Work item: Check each line of the data for "Format" and select those that have it.

::: Task data

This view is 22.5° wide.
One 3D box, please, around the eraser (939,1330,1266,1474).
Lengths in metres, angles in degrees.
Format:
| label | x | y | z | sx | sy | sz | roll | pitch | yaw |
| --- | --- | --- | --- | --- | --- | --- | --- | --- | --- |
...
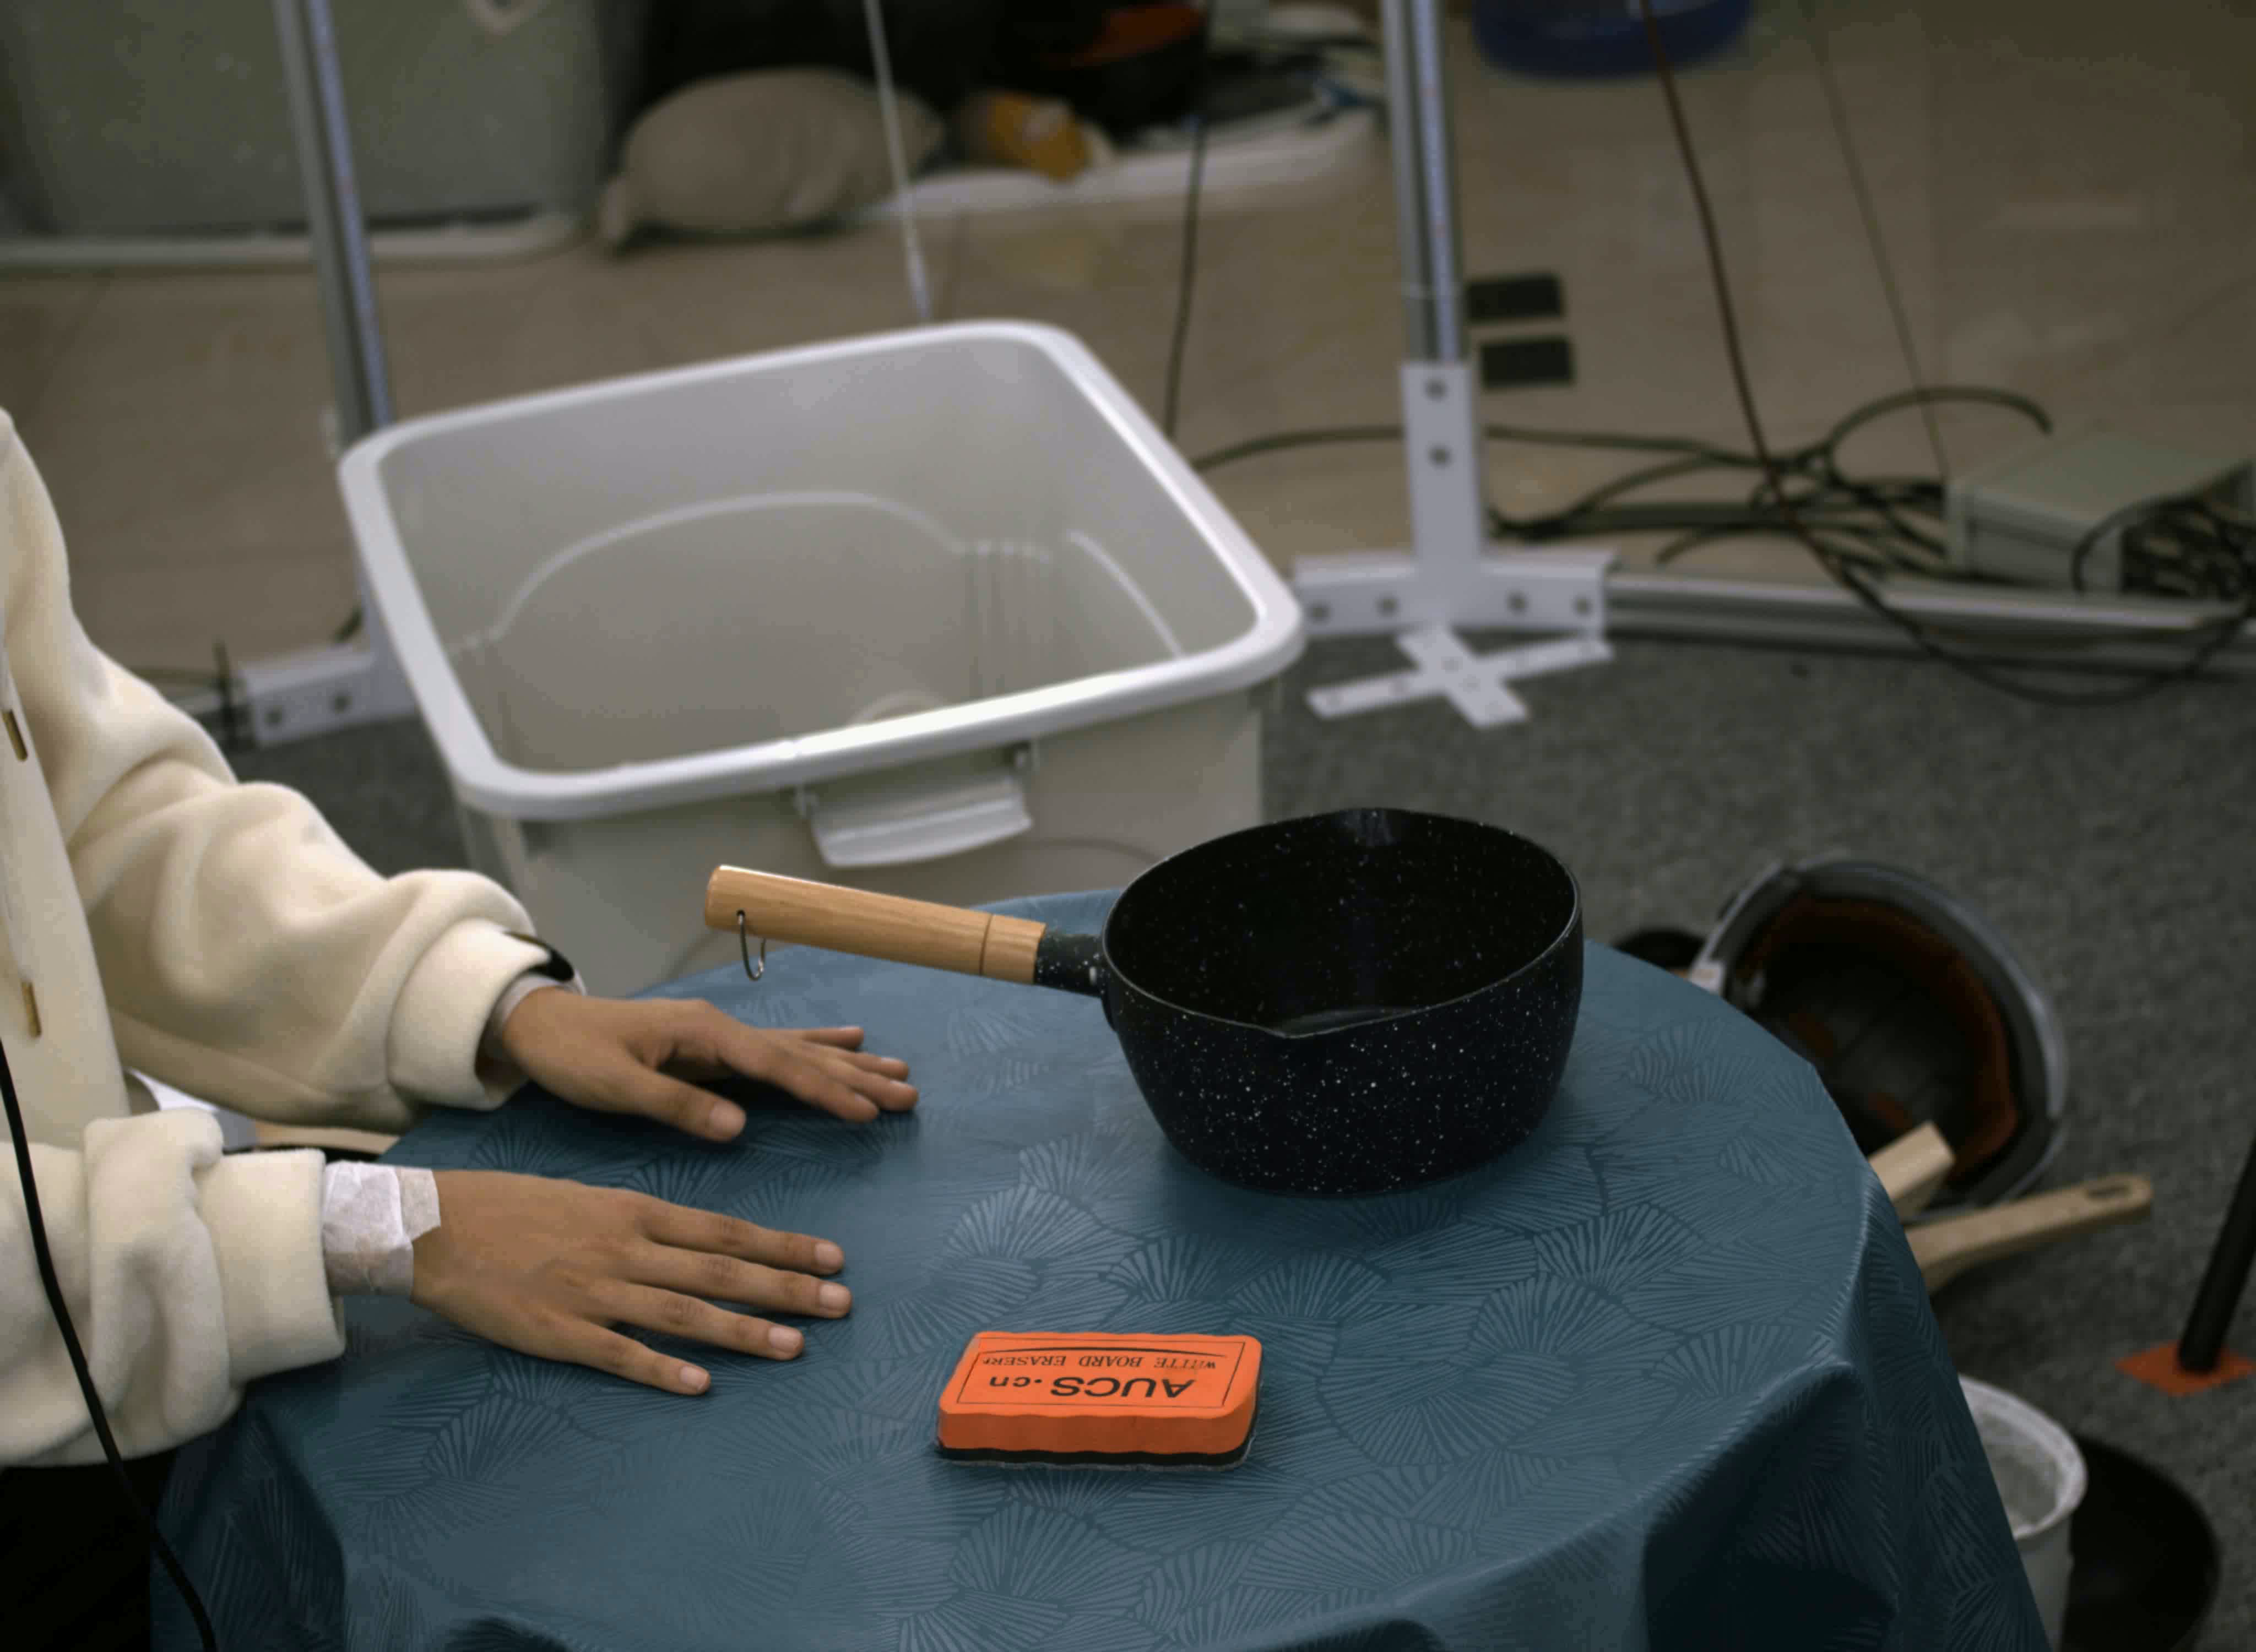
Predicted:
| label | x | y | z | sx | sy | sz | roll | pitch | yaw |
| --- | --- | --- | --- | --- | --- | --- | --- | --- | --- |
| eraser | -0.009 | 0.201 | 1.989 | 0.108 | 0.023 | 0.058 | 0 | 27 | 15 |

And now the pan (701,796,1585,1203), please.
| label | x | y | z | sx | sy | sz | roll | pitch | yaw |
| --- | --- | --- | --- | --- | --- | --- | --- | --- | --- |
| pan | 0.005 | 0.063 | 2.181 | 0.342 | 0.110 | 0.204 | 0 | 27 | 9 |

::::::
::: Task data

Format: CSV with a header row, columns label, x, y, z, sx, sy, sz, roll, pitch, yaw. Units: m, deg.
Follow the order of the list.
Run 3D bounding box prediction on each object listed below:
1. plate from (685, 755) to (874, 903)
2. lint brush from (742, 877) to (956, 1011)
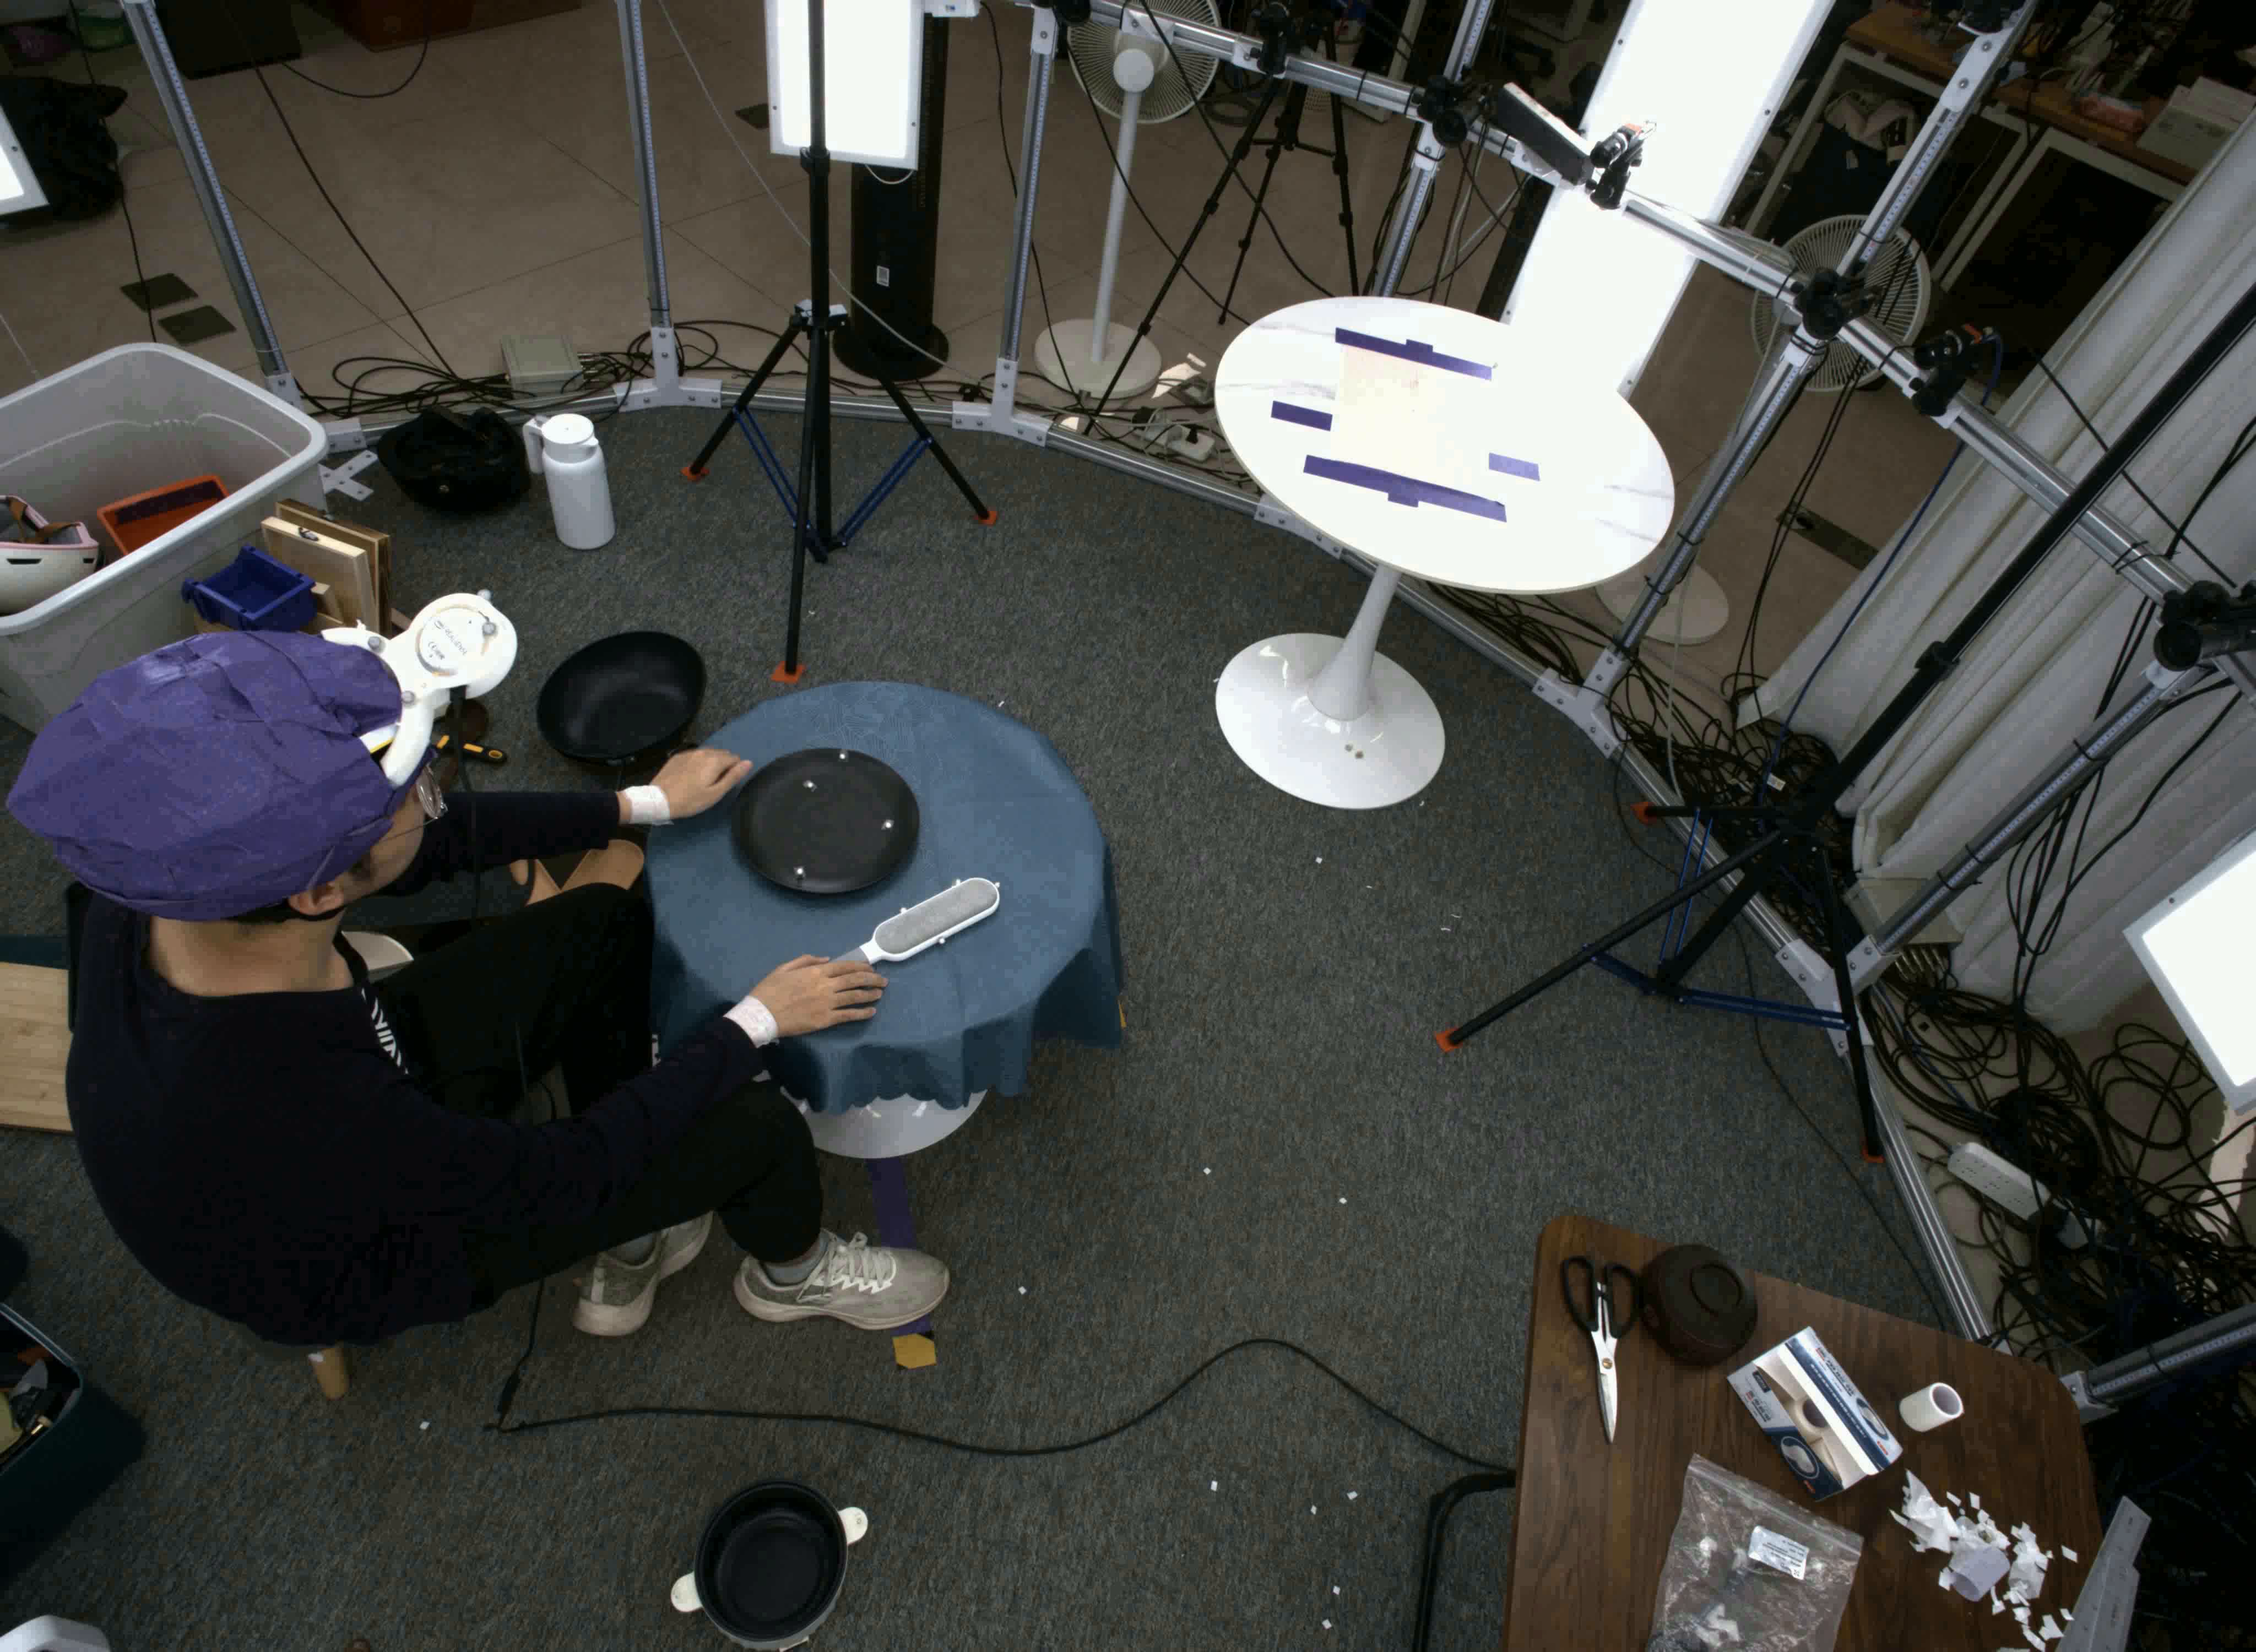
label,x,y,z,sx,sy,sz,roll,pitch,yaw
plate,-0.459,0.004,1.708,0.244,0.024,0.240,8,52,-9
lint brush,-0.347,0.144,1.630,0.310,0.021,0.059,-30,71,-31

::::::

Finished task:
Format:
Format: CSV with a header row, columns label, x, y, z, sx, sy, sz, roll, pitch, yaw. Units: m, deg.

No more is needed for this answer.